======== Information given

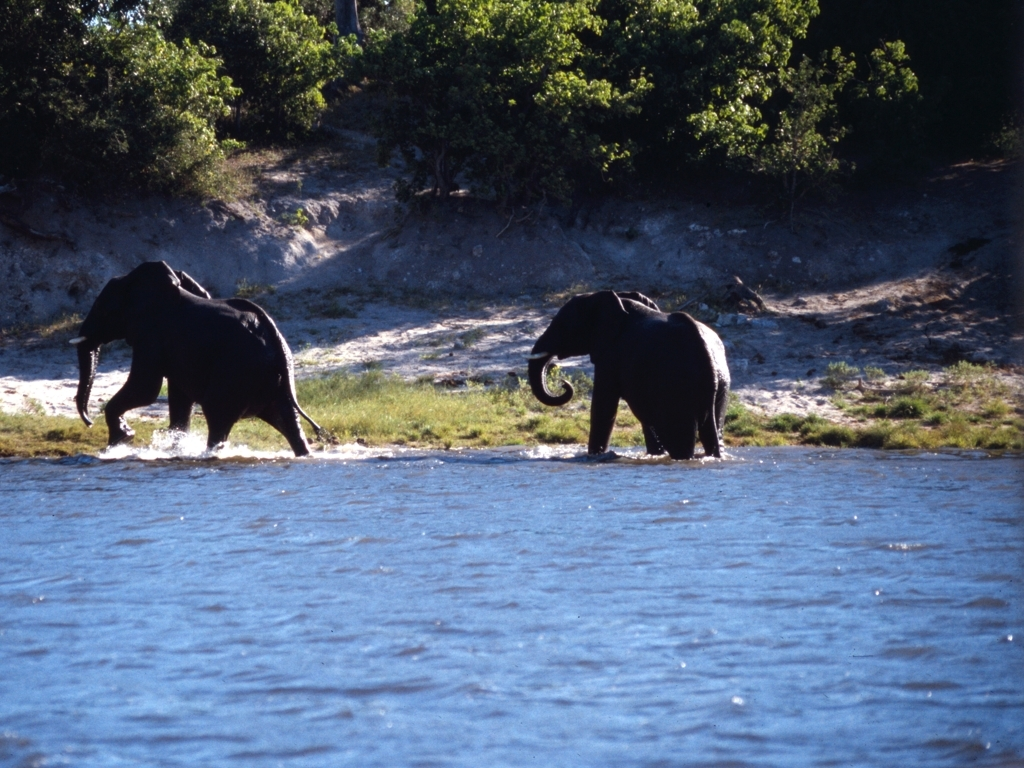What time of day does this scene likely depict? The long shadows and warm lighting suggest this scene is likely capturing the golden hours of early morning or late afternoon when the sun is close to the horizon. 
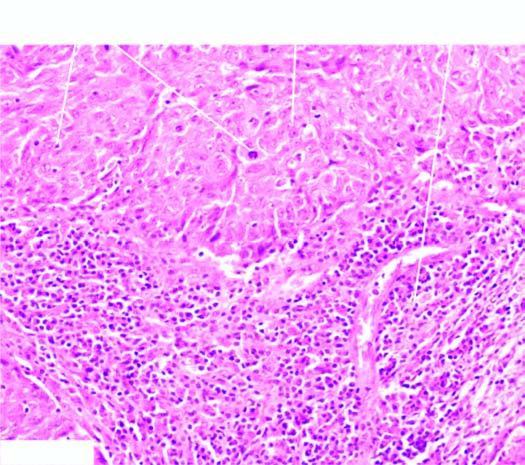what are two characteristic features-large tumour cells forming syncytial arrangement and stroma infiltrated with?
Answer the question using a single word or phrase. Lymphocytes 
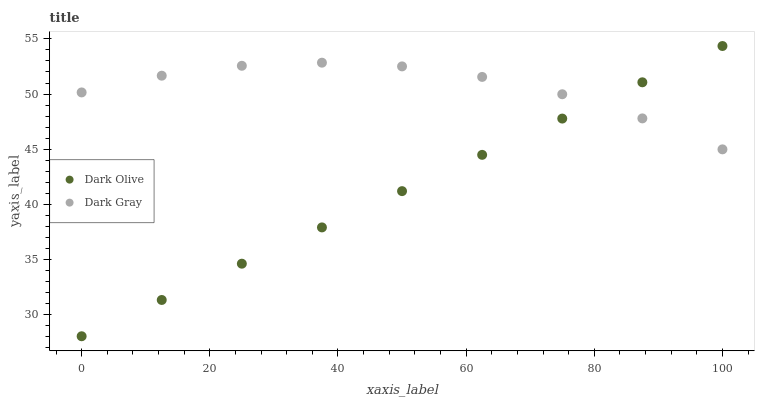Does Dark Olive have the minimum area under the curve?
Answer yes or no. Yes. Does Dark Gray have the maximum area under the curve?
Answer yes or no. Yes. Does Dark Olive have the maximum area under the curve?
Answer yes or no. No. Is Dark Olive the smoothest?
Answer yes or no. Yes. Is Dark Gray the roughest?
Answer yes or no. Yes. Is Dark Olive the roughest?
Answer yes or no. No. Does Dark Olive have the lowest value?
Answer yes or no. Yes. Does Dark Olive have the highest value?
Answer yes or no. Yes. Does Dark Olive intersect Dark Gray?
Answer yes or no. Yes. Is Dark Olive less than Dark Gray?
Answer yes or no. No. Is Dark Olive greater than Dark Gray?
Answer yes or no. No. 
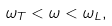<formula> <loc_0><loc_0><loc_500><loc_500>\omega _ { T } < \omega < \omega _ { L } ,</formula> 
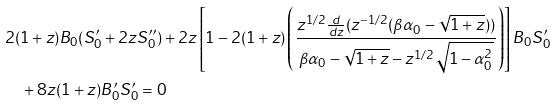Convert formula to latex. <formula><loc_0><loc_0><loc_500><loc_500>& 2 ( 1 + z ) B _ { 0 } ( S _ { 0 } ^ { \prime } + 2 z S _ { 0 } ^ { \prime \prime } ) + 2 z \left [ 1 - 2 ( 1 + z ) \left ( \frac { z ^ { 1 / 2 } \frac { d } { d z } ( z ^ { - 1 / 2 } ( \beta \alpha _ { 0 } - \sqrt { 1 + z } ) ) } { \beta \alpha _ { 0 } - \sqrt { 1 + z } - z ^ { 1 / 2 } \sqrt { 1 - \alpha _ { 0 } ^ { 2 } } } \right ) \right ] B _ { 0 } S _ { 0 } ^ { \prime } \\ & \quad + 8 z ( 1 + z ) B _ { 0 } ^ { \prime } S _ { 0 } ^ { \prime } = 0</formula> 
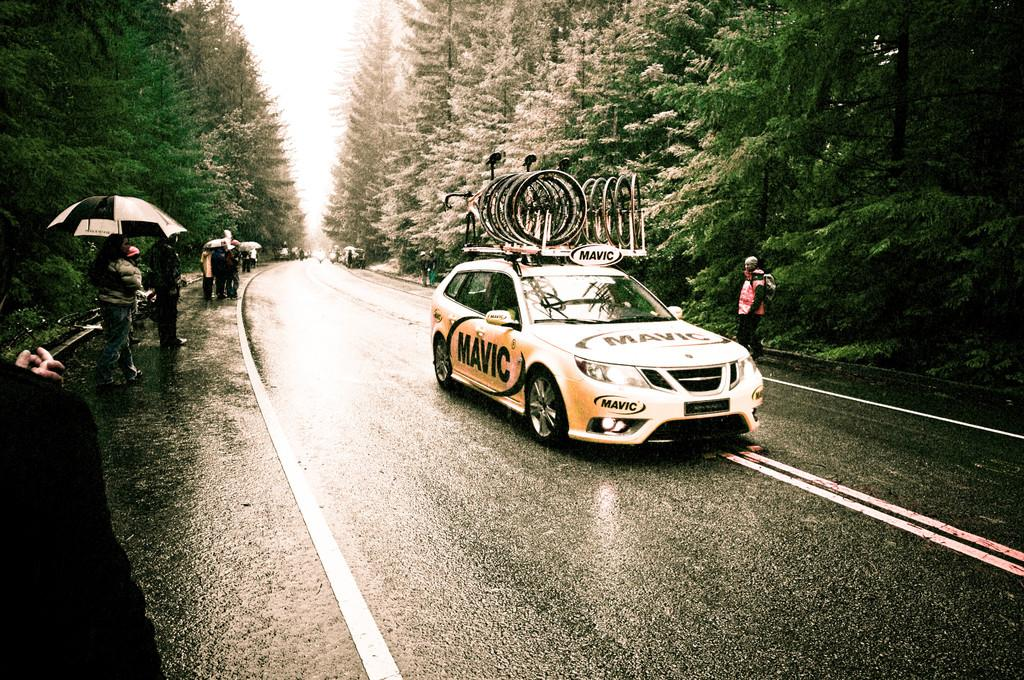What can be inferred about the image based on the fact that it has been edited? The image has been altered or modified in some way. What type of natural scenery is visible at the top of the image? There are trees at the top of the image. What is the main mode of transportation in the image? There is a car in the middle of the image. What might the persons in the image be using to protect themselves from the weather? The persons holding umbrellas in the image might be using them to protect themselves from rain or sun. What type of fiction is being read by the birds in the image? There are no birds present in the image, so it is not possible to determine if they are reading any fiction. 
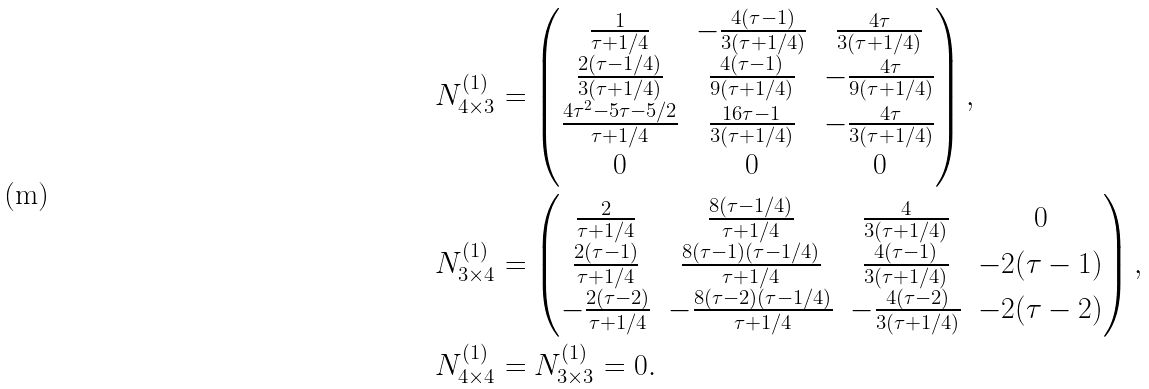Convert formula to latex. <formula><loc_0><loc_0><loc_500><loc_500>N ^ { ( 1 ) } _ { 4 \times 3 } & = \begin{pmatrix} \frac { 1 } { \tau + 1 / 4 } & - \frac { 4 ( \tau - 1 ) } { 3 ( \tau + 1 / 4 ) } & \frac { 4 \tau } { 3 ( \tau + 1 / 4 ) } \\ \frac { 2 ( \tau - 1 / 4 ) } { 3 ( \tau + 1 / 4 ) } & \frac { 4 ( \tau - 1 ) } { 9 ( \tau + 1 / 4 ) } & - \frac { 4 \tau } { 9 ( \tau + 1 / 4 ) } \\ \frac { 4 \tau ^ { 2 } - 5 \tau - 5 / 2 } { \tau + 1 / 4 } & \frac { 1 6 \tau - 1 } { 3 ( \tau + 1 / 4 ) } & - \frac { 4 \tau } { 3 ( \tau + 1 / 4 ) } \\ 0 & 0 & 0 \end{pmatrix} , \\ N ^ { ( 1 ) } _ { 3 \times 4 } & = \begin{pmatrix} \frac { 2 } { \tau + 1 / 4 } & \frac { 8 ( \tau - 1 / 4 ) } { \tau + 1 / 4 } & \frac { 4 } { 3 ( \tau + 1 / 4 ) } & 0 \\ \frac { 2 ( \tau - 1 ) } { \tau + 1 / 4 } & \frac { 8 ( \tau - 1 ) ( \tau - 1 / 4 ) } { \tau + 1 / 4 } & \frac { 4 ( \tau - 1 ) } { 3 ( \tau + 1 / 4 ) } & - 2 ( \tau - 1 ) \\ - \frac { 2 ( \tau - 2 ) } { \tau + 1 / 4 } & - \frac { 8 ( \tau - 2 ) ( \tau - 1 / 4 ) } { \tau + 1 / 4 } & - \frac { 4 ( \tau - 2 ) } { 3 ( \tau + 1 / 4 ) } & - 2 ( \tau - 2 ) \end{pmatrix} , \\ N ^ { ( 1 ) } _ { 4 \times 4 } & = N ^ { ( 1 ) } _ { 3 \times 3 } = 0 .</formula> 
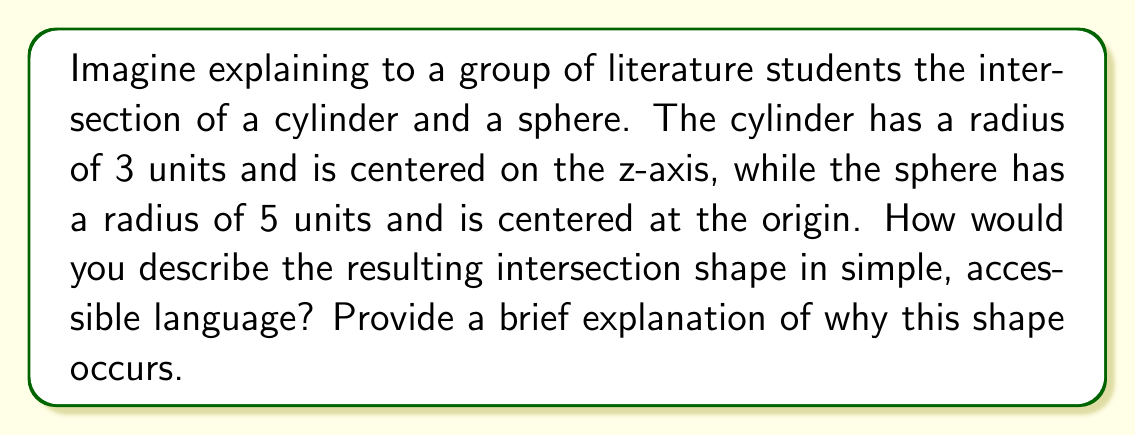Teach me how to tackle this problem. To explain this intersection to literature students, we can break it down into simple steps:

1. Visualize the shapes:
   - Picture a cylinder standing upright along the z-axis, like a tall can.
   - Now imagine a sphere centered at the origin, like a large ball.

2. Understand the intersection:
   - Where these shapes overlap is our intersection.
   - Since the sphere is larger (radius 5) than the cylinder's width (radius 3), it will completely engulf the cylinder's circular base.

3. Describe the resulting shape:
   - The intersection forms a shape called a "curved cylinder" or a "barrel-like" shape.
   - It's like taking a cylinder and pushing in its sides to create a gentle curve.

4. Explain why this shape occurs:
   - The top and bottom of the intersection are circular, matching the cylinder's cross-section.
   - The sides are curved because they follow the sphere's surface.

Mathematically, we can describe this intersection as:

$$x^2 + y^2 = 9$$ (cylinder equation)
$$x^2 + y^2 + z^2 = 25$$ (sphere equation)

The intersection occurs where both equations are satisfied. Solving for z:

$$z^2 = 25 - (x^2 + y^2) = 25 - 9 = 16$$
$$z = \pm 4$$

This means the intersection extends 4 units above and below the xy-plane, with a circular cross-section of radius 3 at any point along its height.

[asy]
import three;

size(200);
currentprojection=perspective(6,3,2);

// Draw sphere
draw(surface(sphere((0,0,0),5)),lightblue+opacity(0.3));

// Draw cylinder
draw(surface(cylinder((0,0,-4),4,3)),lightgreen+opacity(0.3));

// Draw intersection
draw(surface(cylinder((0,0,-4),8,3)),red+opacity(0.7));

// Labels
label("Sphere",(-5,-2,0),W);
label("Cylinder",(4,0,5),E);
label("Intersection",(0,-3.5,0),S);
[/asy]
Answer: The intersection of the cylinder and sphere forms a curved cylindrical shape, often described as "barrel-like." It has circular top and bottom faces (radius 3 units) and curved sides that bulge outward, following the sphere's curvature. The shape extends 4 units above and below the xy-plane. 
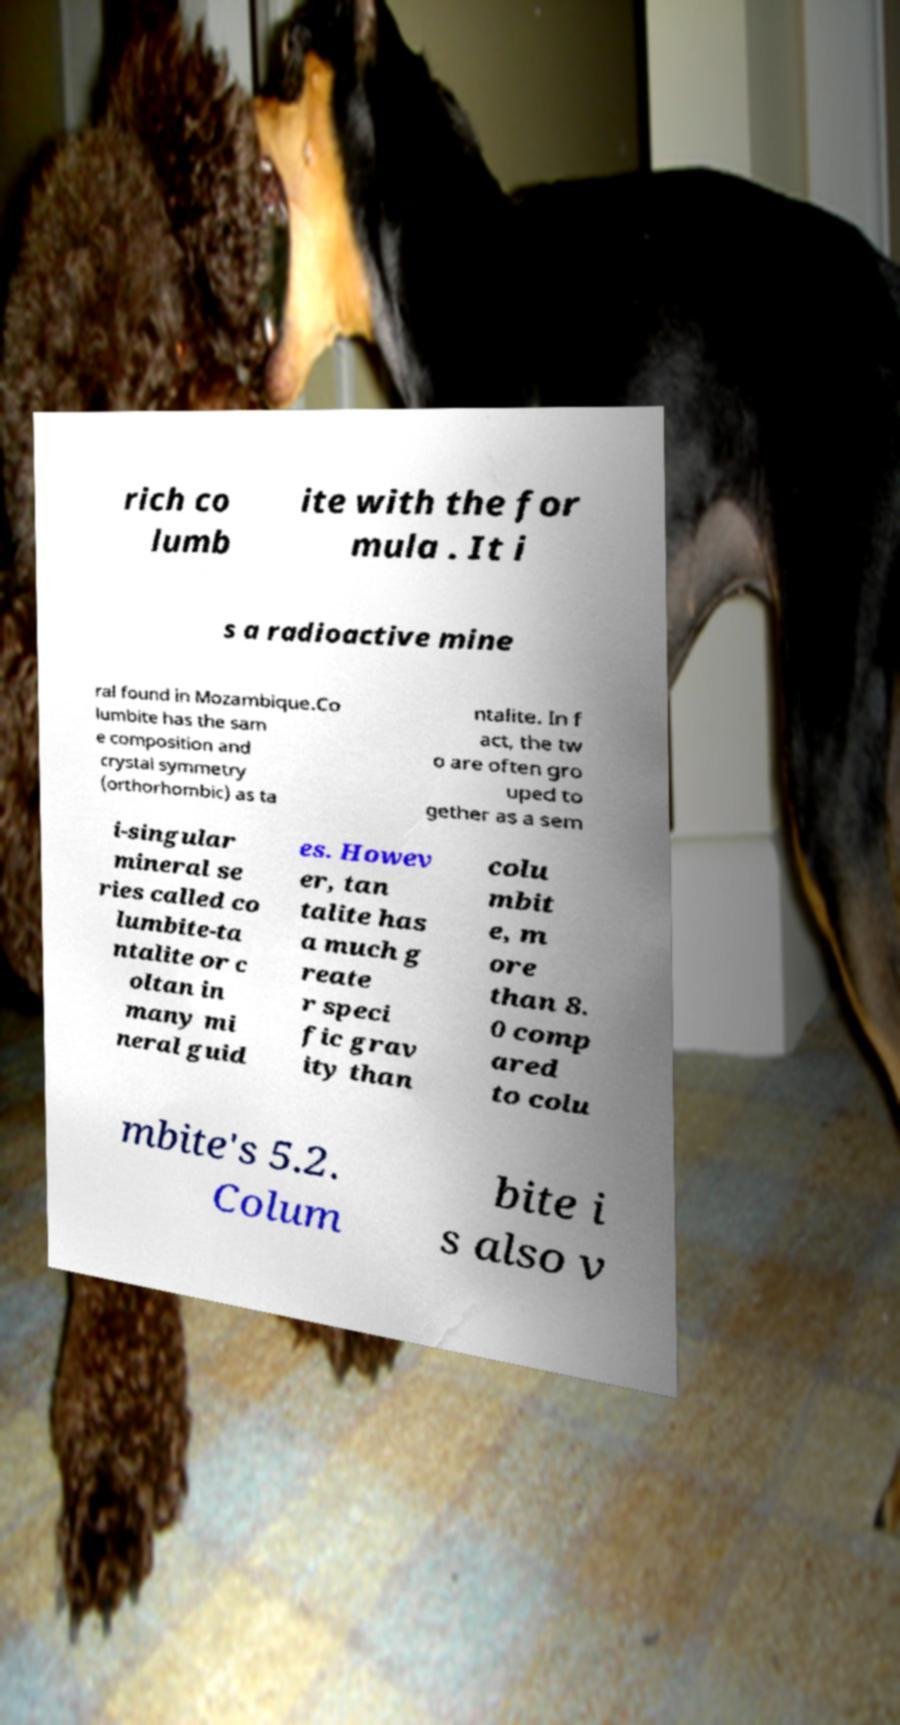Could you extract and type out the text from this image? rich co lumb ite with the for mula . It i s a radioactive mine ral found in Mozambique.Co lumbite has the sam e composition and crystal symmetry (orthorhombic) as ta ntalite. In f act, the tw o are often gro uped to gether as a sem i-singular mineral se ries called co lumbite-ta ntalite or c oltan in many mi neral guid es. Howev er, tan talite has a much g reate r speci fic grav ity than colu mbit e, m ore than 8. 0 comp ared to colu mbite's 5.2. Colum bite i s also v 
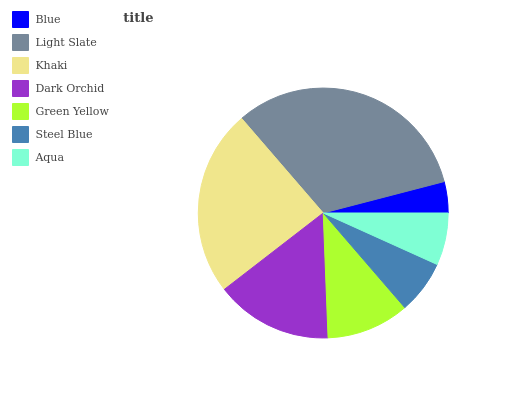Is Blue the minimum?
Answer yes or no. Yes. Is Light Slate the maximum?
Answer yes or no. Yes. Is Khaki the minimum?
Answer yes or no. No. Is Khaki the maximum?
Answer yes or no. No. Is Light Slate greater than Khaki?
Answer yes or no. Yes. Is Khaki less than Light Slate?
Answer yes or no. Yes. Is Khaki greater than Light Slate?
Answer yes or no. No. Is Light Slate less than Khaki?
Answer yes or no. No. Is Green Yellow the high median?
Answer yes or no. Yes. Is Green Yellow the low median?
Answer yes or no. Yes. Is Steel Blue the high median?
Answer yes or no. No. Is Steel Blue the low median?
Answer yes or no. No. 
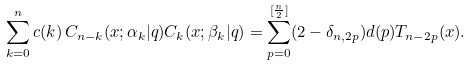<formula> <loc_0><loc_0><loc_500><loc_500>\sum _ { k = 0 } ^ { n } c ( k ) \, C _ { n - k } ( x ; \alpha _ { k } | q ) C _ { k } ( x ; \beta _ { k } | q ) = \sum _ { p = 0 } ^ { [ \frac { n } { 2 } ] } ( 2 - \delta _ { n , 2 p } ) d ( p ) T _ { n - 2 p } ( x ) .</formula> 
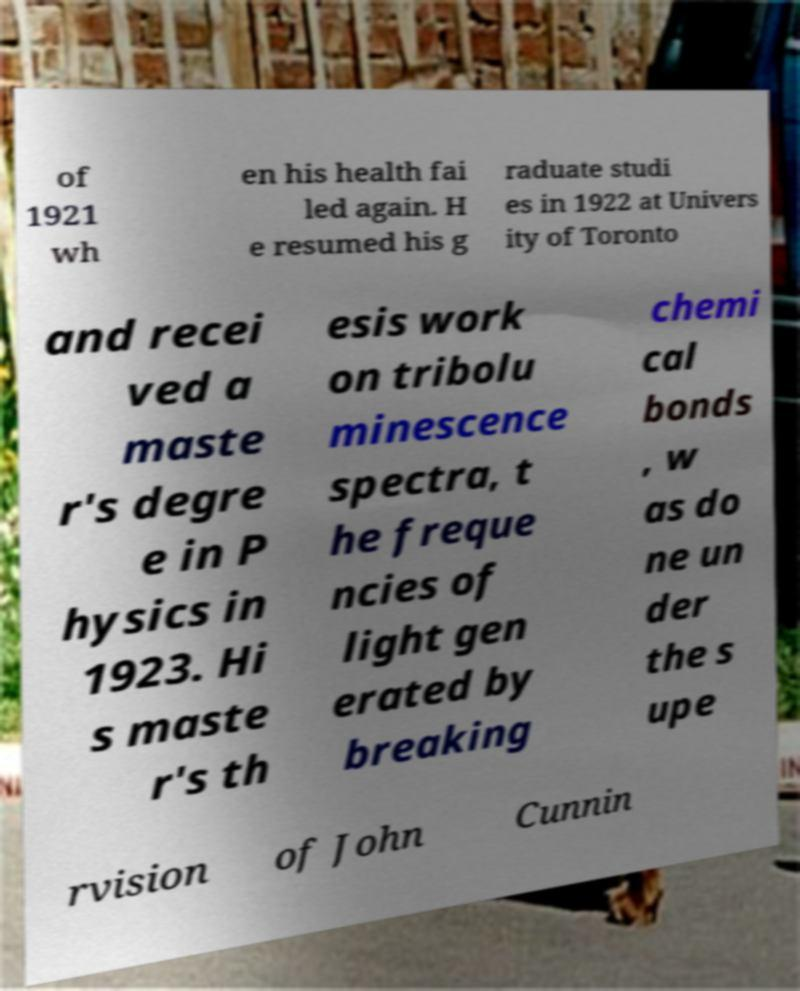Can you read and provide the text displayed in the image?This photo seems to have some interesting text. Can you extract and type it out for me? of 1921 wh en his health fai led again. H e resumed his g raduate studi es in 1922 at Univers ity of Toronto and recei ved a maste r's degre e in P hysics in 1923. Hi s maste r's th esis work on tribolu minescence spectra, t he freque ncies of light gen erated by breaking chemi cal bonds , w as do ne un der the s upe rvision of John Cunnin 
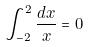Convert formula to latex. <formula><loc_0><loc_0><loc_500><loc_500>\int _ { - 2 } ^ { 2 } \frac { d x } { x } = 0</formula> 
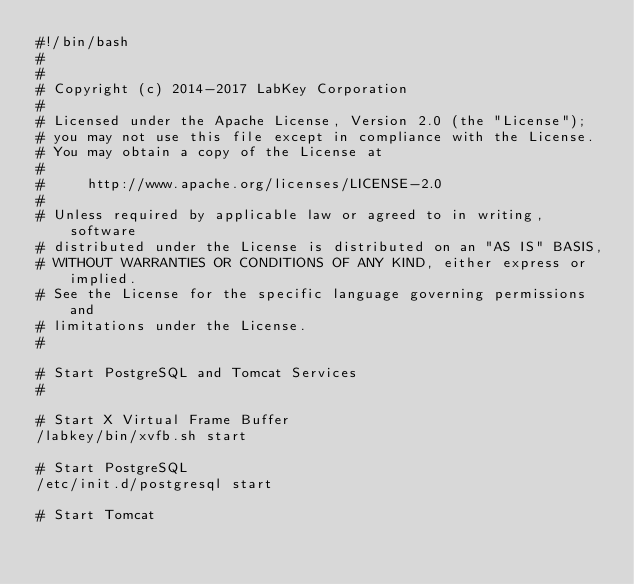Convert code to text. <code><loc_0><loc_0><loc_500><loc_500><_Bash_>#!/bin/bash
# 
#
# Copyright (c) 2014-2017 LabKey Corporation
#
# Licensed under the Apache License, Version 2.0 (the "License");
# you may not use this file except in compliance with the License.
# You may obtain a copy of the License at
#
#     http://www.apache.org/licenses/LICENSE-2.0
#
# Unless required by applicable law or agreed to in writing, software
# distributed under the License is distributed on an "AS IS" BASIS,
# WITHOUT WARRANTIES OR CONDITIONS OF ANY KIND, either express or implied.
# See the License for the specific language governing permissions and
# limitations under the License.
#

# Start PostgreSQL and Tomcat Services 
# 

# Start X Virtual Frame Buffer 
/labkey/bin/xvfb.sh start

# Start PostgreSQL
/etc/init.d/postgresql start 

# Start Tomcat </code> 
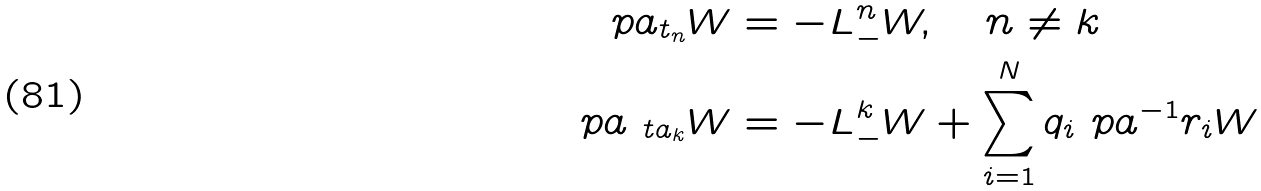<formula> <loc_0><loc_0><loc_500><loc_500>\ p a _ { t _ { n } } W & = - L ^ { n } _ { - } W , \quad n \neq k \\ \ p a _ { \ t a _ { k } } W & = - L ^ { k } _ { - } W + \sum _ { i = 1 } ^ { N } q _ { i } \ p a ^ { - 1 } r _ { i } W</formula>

================

Goal of the exercise
A single number is expected: how many lines in the records contain the string "surface".

Written solution
4